Joe Carter, a communications specialist with the Ethics & Religious Liberty Commission, writes that ISIS “considers rape of sex slaves to be a form of worship,” referencing a New York Times article in which a 15-year-old Yazidi girl describes the actions of a 20-year-old ISIS soldier who raped her.
“Every time that he came to rape me, he would pray,” said the girl identified only as F, the first letter of her name. “He kept telling me this is ibadah (an Islamic term meaning worship).”
Carter also referenced the October 2014 issue of the ISIS propaganda magazine Dabiq, which included an article on the “revival of slavery before the (judgment) hour,” which stated a religious justification for sex slavery; and an ISIS pamphlet which promoted the rape of even prepubescent girls.
ISIS currently has an estimated 3,000 girls and women enslaved, most of them Yazidi, HRW reported. Amnesty International has also chronicled the abuse.

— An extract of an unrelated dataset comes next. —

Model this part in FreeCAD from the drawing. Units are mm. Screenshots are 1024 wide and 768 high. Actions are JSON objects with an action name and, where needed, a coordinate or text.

Freedom for those enslaved lies in the hands of Muslims themselves, Ibrahim blogged.
“The solution is not to keep debating whether ISIS is or is not Islamic, as the driving texts are clear and loud,” Ibrahim wrote. “An end to rape cannot be obtained by downplaying any Islamic-related role in such terror. Neither can the solution stem from a politically-correct discourse out to avoid causing offense. … Non-Muslims cannot refute evidence offered by Muslims and embedded in Muslim sacred texts.”